Gli ufficiali e gli agenti di Polizia municipale, nei limiti territoriali e funzionali stabiliti dalla legge, esercitano anche funzioni di polizia giudiziaria. Ciò non significa confondere la Polizia locale con le forze di polizia statali né attribuirle compiti che non le competono. Significa, però, riconoscere che può e deve concorrere, nell’ambito delle proprie attribuzioni e attraverso il necessario coordinamento con le autorità di pubblica sicurezza, alla prevenzione e all’accertamento degli illeciti e al controllo del territorio: così come sta avvenendo in molti comuni, anche toscani, i cui sindaci hanno deciso di potenziare la polizia locale in termini di uomini e mezzi, nonché in termini di formazione professionale per garantire la sicurezza urbana.

Per questo il sindaco Vanni dovrebbe chiedere con determinazione agli organi dell’Unione Empolese Valdelsa che, quando la situazione lo richiede, la Polizia locale sia impiegata a Vinci anche in turni serali e notturni, per il periodo necessario e con servizi mirati nelle aree interessate dai danneggiamenti. Occorrono una mappatura puntuale degli episodi e degli orari, pattugliamenti visibili, uso efficace della videosorveglianza, tempestiva acquisizione delle immagini e raccordo operativo con Carabinieri e Polizia di Stato. Non si tratta di sostituire le forze statali, ma di mettere realmente a sistema tutte le risorse disponibili.
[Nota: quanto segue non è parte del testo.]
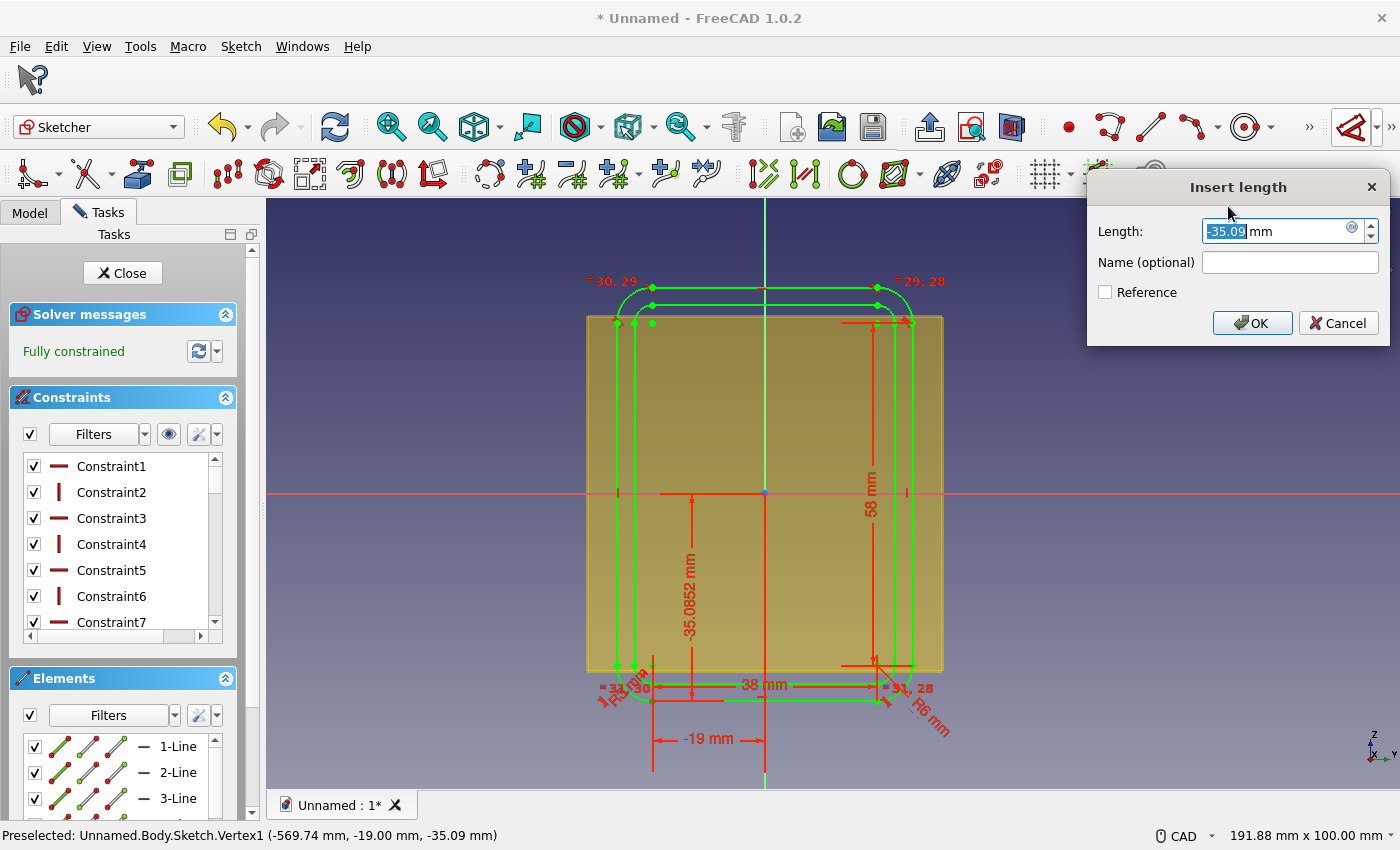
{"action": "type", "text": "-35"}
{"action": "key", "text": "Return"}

È difficile accettare che si invochi Roma senza pretendere prima dall’Unione una programmazione dei servizi coerente con le esigenze di tutti gli undici Comuni. La sicurezza dell’Empolese Valdelsa non può esaurirsi in comunicati celebrativi per la presenza di una pattuglia per poche ore alla stazione di Empoli, presentata come un potenziamento del controllo del territorio. Servono turni misurabili, continuità, obiettivi operativi, rendicontazione dei risultati e capacità di spostare uomini e mezzi dove si manifestano le criticità.

Vanni ha concluso chiedendo meno proclami e più fatti concreti. È un’affermazione che condividiamo e che gli restituiamo come impegno amministrativo: solleciti il Governo, ma contemporaneamente faccia la propria parte; chieda al Prefetto il coordinamento delle forze statali, ma pretenda dall’Unione servizi adeguati anche a Vinci; invochi strumenti contro la reiterazione dei reati, ma apra finalmente una riflessione sulle contraddizioni del PD in materia di sicurezza, giustizia e tutela degli operatori. I cittadini non chiedono rimpalli di responsabilità: chiedono istituzioni presenti, coerenti e capaci di agire… senza dimenticare che i CPR sono figli di un governo di centrosinistra a guida PD.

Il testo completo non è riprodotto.